──────── Input data ────────

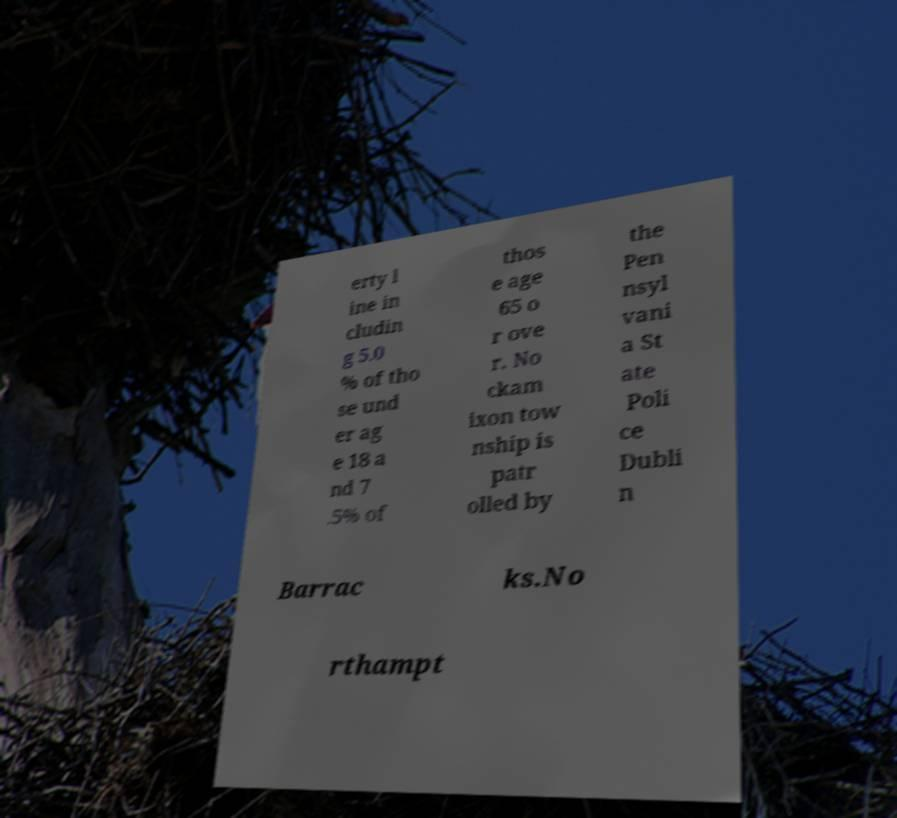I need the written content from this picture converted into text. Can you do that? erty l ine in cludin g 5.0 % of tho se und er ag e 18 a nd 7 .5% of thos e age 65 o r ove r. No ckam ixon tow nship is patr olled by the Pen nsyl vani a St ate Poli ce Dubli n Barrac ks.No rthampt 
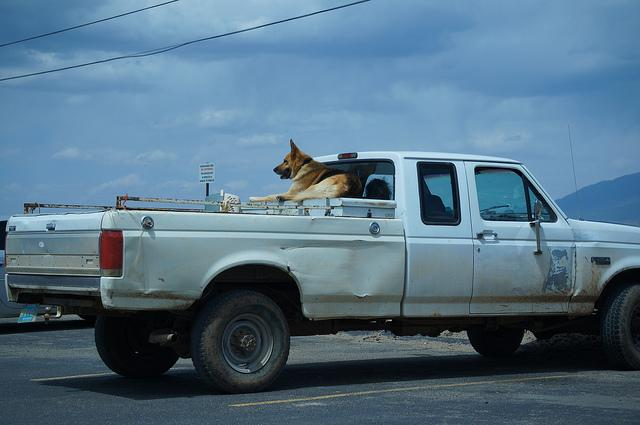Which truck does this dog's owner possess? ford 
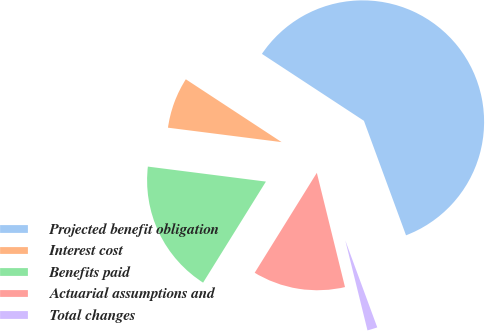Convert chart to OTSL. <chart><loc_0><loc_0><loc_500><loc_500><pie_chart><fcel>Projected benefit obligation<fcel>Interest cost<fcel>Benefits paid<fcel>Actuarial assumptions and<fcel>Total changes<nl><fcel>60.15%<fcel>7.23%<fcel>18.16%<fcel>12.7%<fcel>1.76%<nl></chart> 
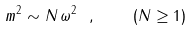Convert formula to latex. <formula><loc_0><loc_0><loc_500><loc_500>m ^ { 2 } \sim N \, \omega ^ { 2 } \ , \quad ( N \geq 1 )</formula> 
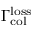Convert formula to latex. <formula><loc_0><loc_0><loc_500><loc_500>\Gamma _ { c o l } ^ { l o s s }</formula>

────────

* _What this task involves_: Give back exactly the lines above that run from the one with "Which truck does" to the one with "N \geq 1 )</formula>", including both, with the pictures left out.

* _Exercise solution_:
Which truck does this dog's owner possess? ford 
Convert chart to OTSL. <chart><loc_0><loc_0><loc_500><loc_500><pie_chart><fcel>Projected benefit obligation<fcel>Interest cost<fcel>Benefits paid<fcel>Actuarial assumptions and<fcel>Total changes<nl><fcel>60.15%<fcel>7.23%<fcel>18.16%<fcel>12.7%<fcel>1.76%<nl></chart> 
Convert formula to latex. <formula><loc_0><loc_0><loc_500><loc_500>m ^ { 2 } \sim N \, \omega ^ { 2 } \ , \quad ( N \geq 1 )</formula> 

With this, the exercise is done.